There's one way to see how this works. To start off with, you have $r$ parameters, $n_1, n_2, \ldots n_r$ and you have two constraints: the total number of particles, and the total energy. So there are $r-2$ independent parameters.

Now, we introduce two new parameters, the two Lagrange multipliers. We don't introduce any new constraints. So now the situation is that we have $r+2$ parameters, and we have $2$ constraints. So there are $r$ independent parameters. We can let those $r$ independent parameters be $n_1, n_2, \ldots n_r$. Then the two lagrange multipliers are determined by those.

So introducing lagrange multipliers allows us to treat the $n_i$ as independent.

stevendaryl
Staff Emeritus
There's one way to see how this works. To start off with, you have $r$ parameters, $n_1, n_2, \ldots n_r$ and you have two constraints: the total number of particles, and the total energy. So there are $r-2$ independent parameters.

Now, we introduce two new parameters, the two Lagrange multipliers. We don't introduce any new constraints. So now the situation is that we have $r+2$ parameters, and we have $2$ constraints. So there are $r$ independent parameters. We can let those $r$ independent parameters be $n_1, n_2, \ldots n_r$. Then the two lagrange multipliers are determined by those.

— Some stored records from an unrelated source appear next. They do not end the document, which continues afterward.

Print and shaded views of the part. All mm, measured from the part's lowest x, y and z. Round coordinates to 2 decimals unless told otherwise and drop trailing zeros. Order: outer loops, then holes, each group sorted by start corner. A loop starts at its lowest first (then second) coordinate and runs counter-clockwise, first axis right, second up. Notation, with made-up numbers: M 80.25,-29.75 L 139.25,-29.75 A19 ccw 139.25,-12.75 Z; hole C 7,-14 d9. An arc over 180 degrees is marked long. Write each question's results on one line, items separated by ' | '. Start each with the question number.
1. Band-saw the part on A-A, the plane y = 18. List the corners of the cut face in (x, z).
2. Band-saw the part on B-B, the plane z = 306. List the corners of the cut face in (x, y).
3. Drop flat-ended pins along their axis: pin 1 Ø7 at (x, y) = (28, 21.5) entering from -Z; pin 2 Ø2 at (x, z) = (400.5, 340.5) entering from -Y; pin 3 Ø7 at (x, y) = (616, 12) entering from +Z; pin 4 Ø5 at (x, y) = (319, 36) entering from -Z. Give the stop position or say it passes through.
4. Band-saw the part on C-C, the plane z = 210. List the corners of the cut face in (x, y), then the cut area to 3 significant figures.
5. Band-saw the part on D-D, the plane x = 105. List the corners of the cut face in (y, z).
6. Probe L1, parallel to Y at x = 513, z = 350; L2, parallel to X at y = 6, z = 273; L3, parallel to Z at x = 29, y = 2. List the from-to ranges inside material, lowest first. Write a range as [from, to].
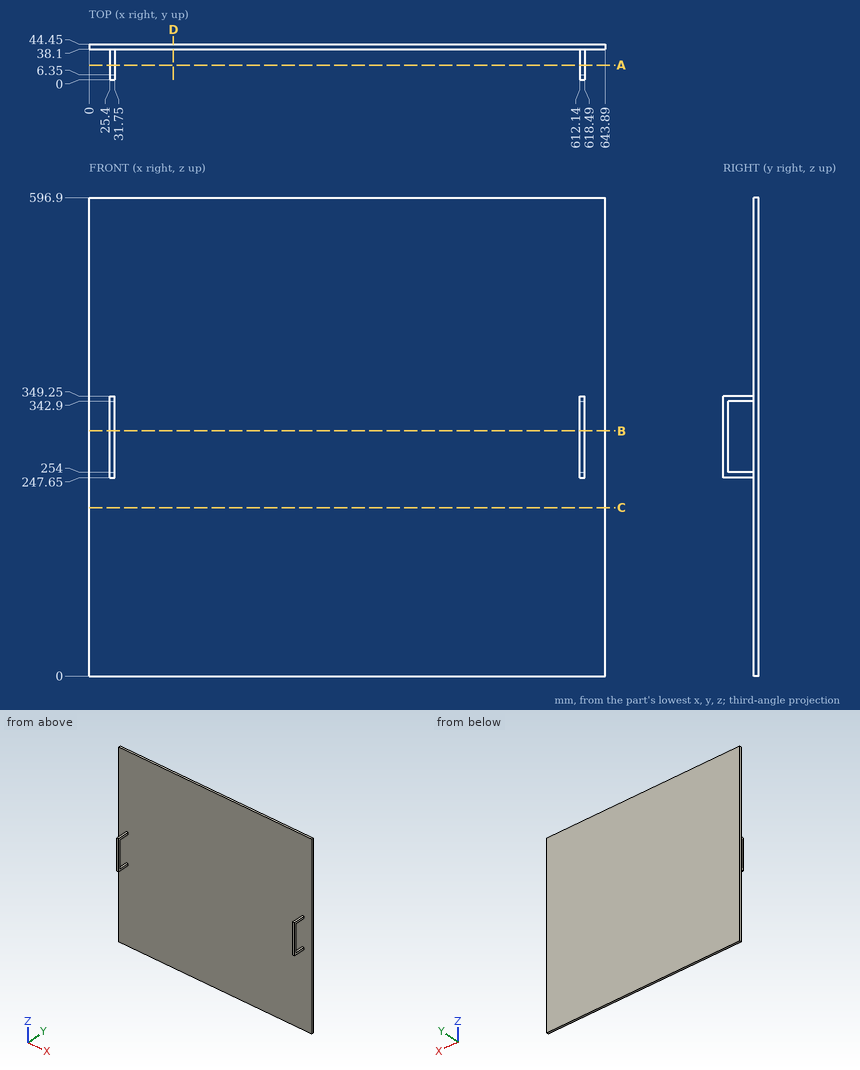
Solution:
1) outline: M 25.4,247.65 L 31.75,247.65 L 31.75,254 L 25.4,254 Z; M 25.4,342.9 L 31.75,342.9 L 31.75,349.25 L 25.4,349.25 Z; M 612.14,247.65 L 618.49,247.65 L 618.49,254 L 612.14,254 Z; M 612.14,342.9 L 618.49,342.9 L 618.49,349.25 L 612.14,349.25 Z
2) outline: M 0,38.1 L 643.89,38.1 L 643.89,44.45 L 0,44.45 Z; M 25.4,0 L 31.75,0 L 31.75,6.35 L 25.4,6.35 Z; M 612.14,0 L 618.49,0 L 618.49,6.35 L 612.14,6.35 Z
3) pin 1: z = 247.65 | pin 2: y = 38.1 | pin 3: z = 349.25 | pin 4: z = 0
4) outline: M 0,38.1 L 643.89,38.1 L 643.89,44.45 L 0,44.45 Z | area: 4,090 mm^2
5) outline: M 38.1,0 L 44.45,0 L 44.45,596.9 L 38.1,596.9 Z
6) L1: [38.1, 44.45] | L2: [25.4, 31.75], [612.14, 618.49] | L3: [247.65, 349.25]

So introducing lagrange multipliers allows us to treat the $n_i$ as independent.
We can work out the very simplest case: just two energy levels $e_1$ and $e_2$. In this case, we don't need lagrange multipliers, because the constraints uniquely determine $n_1$ and $n_2$:

$n_1 + n_2 = N$
$n_1 e_1 + n_2 e_2 = E$

So

$n_1 = \dfrac{N e_2 - E}{e_2 - e_1}$
$n_2 = \dfrac{E - N e_1}{e_2 - e_1}$

The Lagrange multiplier approach gives us:

$ln(n_1) - a - b e_1 = 0$
$ln(n_2) - a - b e_2 = 0$

So

$n_1 = e^{a+b e_1}$
$n_2 = e^{a + b e_2}$

We still have the same constraints:

$n_1 + n_2 = N$
$n_1 e_1 + n_2 e_2 = E$

but these become constraints on $a$ and $b$:

$e^{a + b e_1} + e^{a + b e_2} = N$
$e_1 e^{a + b e_1} + e_2 e^{a + b e_2} = E$